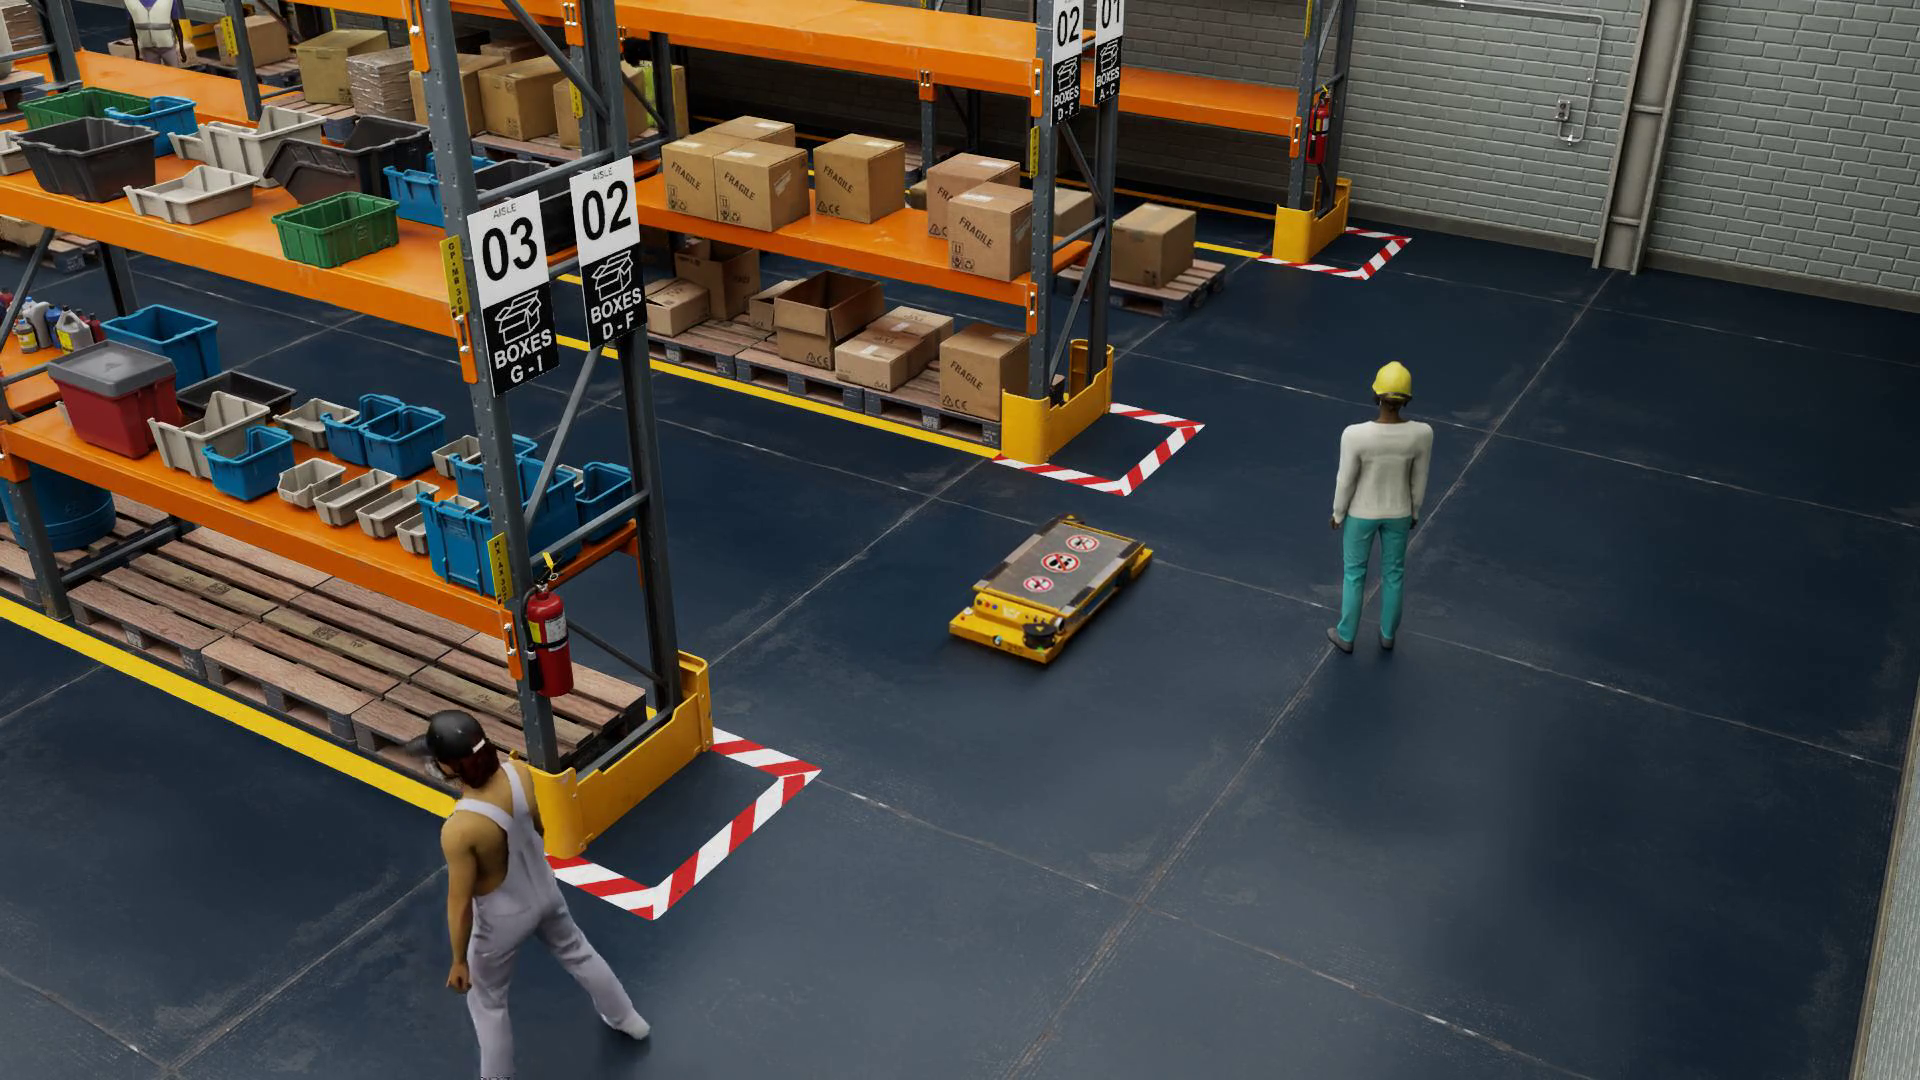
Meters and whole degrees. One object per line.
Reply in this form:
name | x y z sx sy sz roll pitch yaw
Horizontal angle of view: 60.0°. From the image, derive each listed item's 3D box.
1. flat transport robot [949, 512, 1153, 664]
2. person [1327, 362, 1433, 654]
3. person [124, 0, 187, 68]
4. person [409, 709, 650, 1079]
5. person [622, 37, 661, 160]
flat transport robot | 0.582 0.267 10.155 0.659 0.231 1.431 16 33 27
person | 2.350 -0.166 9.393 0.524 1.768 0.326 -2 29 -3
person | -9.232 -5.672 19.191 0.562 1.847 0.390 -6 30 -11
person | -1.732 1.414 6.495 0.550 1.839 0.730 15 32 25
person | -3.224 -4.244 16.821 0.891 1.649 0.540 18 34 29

========================================================================

Goal of the exercise: Please output all of the entries exactly as they appear, with no pictures.

Reply:
Meters and whole degrees. One object per line.
Reply in this form:
name | x y z sx sy sz roll pitch yaw
Horizontal angle of view: 60.0°. From the image, derive each listed item's 3D box.
1. flat transport robot [949, 512, 1153, 664]
2. person [1327, 362, 1433, 654]
3. person [124, 0, 187, 68]
4. person [409, 709, 650, 1079]
5. person [622, 37, 661, 160]
flat transport robot | 0.582 0.267 10.155 0.659 0.231 1.431 16 33 27
person | 2.350 -0.166 9.393 0.524 1.768 0.326 -2 29 -3
person | -9.232 -5.672 19.191 0.562 1.847 0.390 -6 30 -11
person | -1.732 1.414 6.495 0.550 1.839 0.730 15 32 25
person | -3.224 -4.244 16.821 0.891 1.649 0.540 18 34 29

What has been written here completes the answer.